It is claimed that the court erred in not giving a manslaughter instruction, although neither the state nor the defendant requested such an instruction. Under section 798, Code 1906 (section 577, Hemingway’s Code), the circuit judge is prohibited from giving any instruction of his own motion, but can only give such instructions at the request of the parties. This is not a case where the instruction given for the state precludes a finding of manslaughter. The instruction in the present case on the form of the verdict tells the jury that, if you find the defendant guilty of murder, you may return one of the following verdicts, setting out therein the different forms of verdict for murder, and also tells the jury that, if they find the defendant not guilty, they will render a verdict, “We, the jury, find the defendant not guilty as charged,” and in that event the court will discharge the defendant. There is nothing-in this instruction that precludes the jury from finding a verdict of manslaughter. This court has on numerous occasions announced that the judge was without power to grant an instruction when it was not asked for by one of the parties. In Davenport v.

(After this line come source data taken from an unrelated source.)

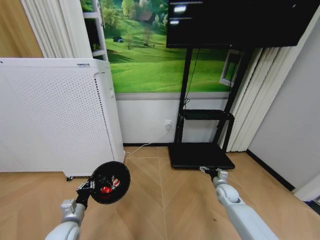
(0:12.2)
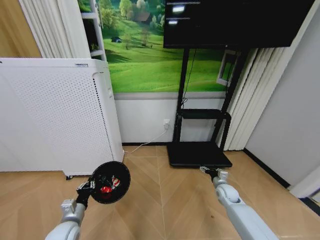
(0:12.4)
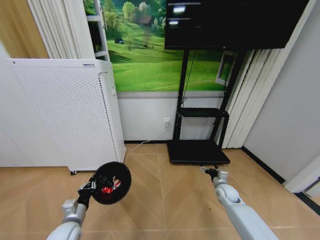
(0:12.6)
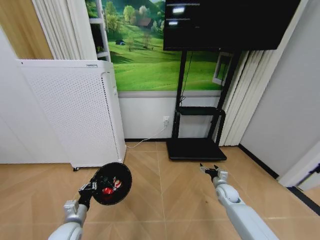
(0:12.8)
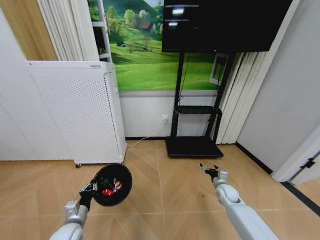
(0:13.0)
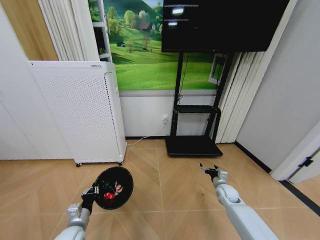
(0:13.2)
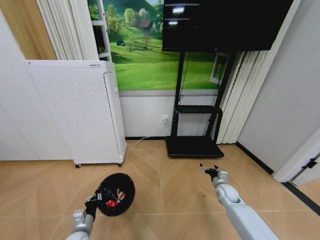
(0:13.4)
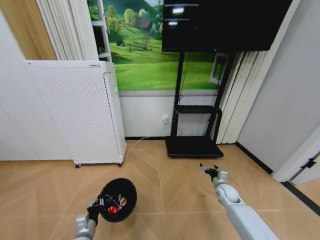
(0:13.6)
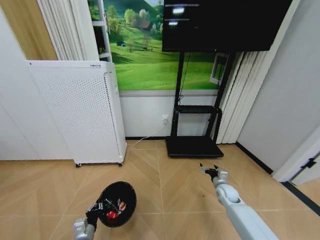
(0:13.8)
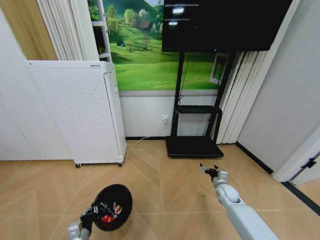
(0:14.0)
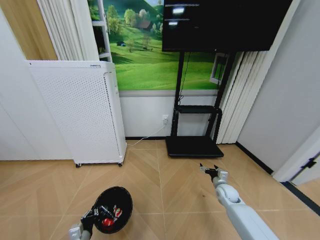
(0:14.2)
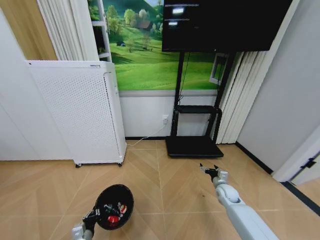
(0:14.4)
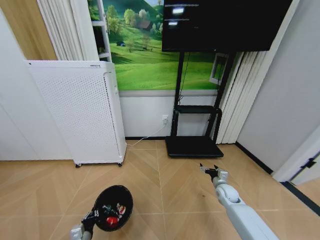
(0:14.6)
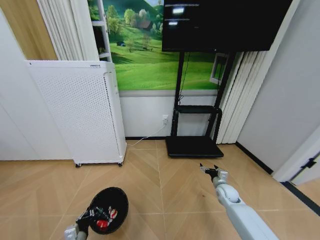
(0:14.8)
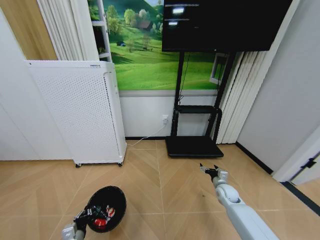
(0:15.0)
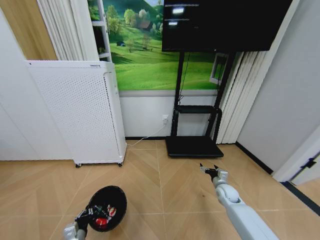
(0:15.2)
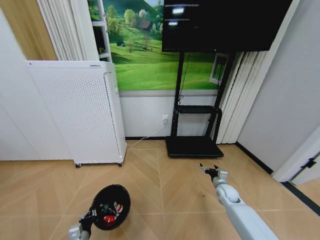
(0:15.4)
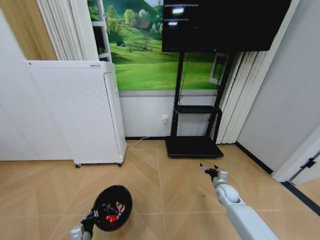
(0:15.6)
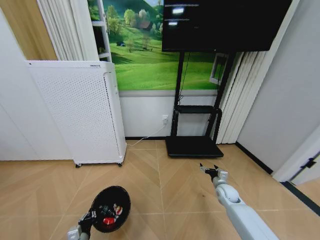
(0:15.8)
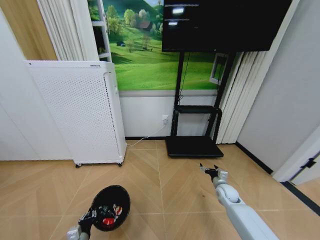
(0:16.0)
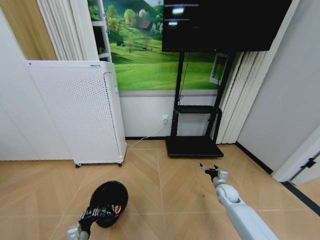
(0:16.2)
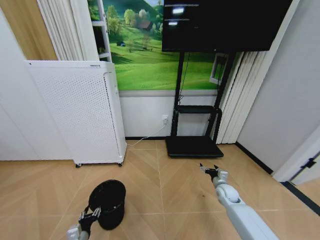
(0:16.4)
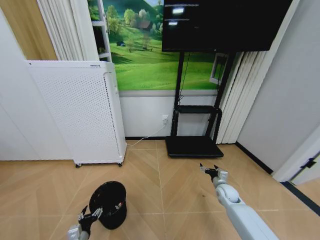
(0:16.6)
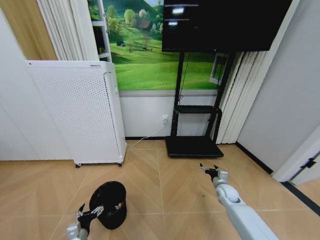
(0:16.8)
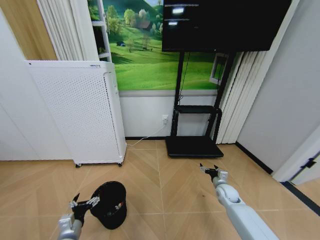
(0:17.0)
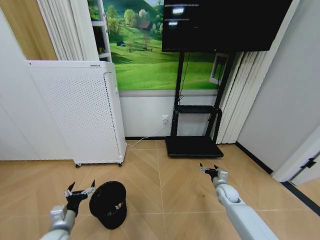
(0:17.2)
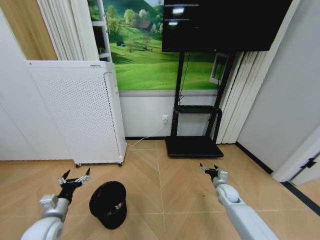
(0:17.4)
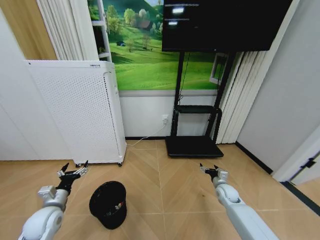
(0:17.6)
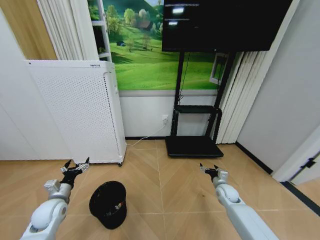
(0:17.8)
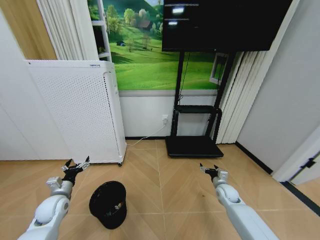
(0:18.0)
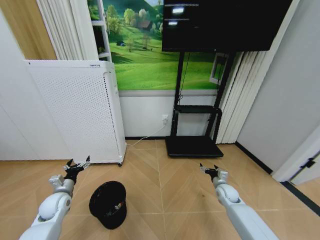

State, 121 Miss. 549, 83 So. 738, this court held that, under section 793, Code 1906 (section 577, Hemingway’s Code), the trial judge is forbidden to give an instruction not requested by either party, and reversed a conviction because the court did so. In Johnson v. State, 106 Miss. 94, 63 So. 338, it was held that, on the trial of an accused for murder, he cannot co-mplain that the court did not instruct on manslaughter where the appellant presented no instruction thereon, as the court cannot grant instructions unless they are in writing and requested to be given. In Dixon v. State, 106 Miss. 697, 64 So. 468, it was held by this court that under this section *100the court cannot grant instructions not asked for, and the failure of the court to give an instruction defining murder when neither party requested it is not error. To the same effect are Pringle v. State, 108 Miss. 802, 67 So. 455; Watkins v. State, 60 Miss. 323; Boykin v. State, 86 Miss. 481, 38 So. 725.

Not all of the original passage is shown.